# Thomson Speedtouch 536 Modem



## Beehive (Jan 8, 2008)

Good afternoon from a newbie, I hope I'm posting this in the correct place.

I have a Win XP PC connected to a DSL line with a Thomson Speedtouch 536 modem by ethernet cable. There is no problem with this.

I then connected my Win XP laptop to this modem via usb cable, installing the correct drivers which were emailed to me from Speedtouch.

Unfortunately after a couple of hours the connection to the laptop just dies. When I check the Speedtouch page using the PC, I see the two computers connected, the main one - Ethernet is connected at 100Mbps but the laptop - usbport has just 12Mbps in brackets. 

If I check the details it usually says 
Status: Active
Type: Generic (or Laptop Computer which I changed it to to see if it helped)
Connected to: usbport (USB)

Addressing 
Physical Address: 00:90:d0:05:d4:45 
IP Address Assignment: DHCP 
IP Address: 192.168.1.64 
Always use the same address: No 
DHCP Lease Time: 0 days, 18:11:20 (this counts down from 24)

The connection often returns later in the day of it's own accord but why does it drop in the first place? and for a number of hours at a time.

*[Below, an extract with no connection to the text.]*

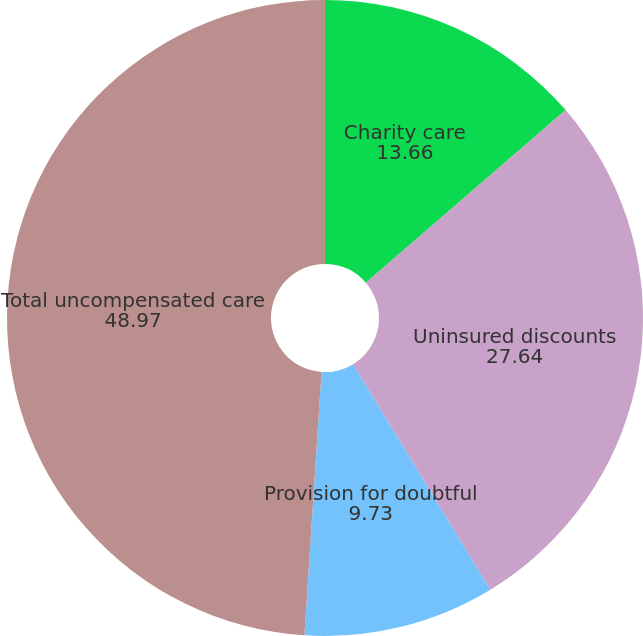<chart> <loc_0><loc_0><loc_500><loc_500><pie_chart><fcel>Charity care<fcel>Uninsured discounts<fcel>Provision for doubtful<fcel>Total uncompensated care<nl><fcel>13.66%<fcel>27.64%<fcel>9.73%<fcel>48.97%<nl></chart> 
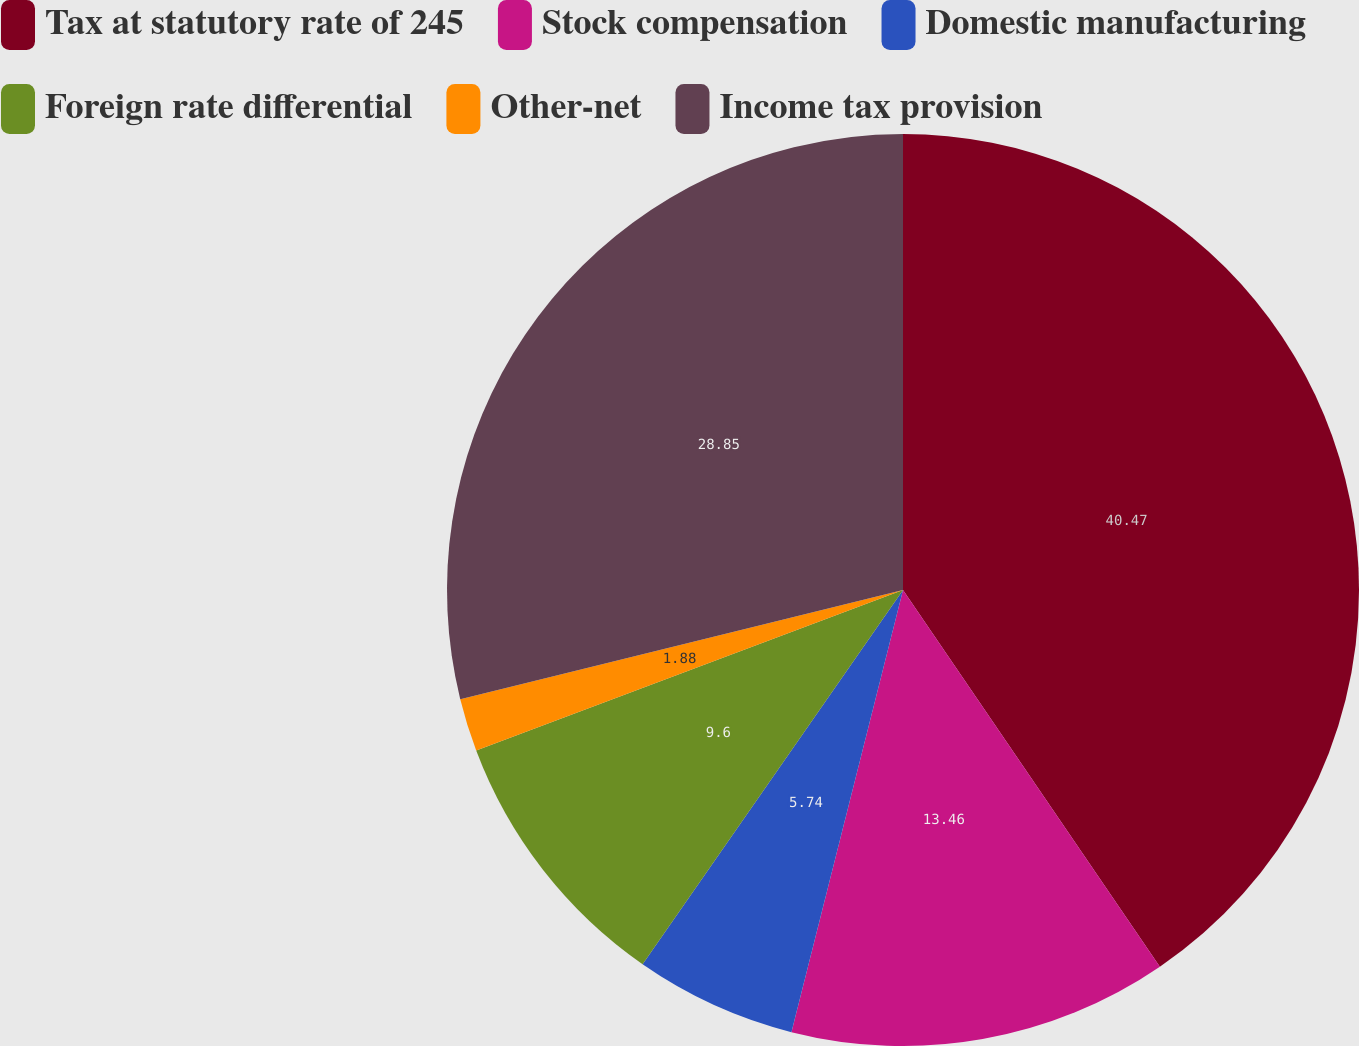Convert chart to OTSL. <chart><loc_0><loc_0><loc_500><loc_500><pie_chart><fcel>Tax at statutory rate of 245<fcel>Stock compensation<fcel>Domestic manufacturing<fcel>Foreign rate differential<fcel>Other-net<fcel>Income tax provision<nl><fcel>40.48%<fcel>13.46%<fcel>5.74%<fcel>9.6%<fcel>1.88%<fcel>28.85%<nl></chart>

Thank you if anybody is able to provide the solution to this.


----------



## johnwill (Sep 26, 2002)

Quite frankly, I have a very low opinion of USB for networking. I'd buy a $10 Ethernet switch and forget the USB. http://www.microbarn.com/details.aspx?rid=101727&source=pricewatch


----------



## Beehive (Jan 8, 2008)

Thank you for your experience. As I'm in England I'll look around for one of these, perhaps Maplins or somewhere similar would have one.


----------



## johnwill (Sep 26, 2002)

They're very common, almost any place that has networking stuff will have a simple Ethernet switch.


----------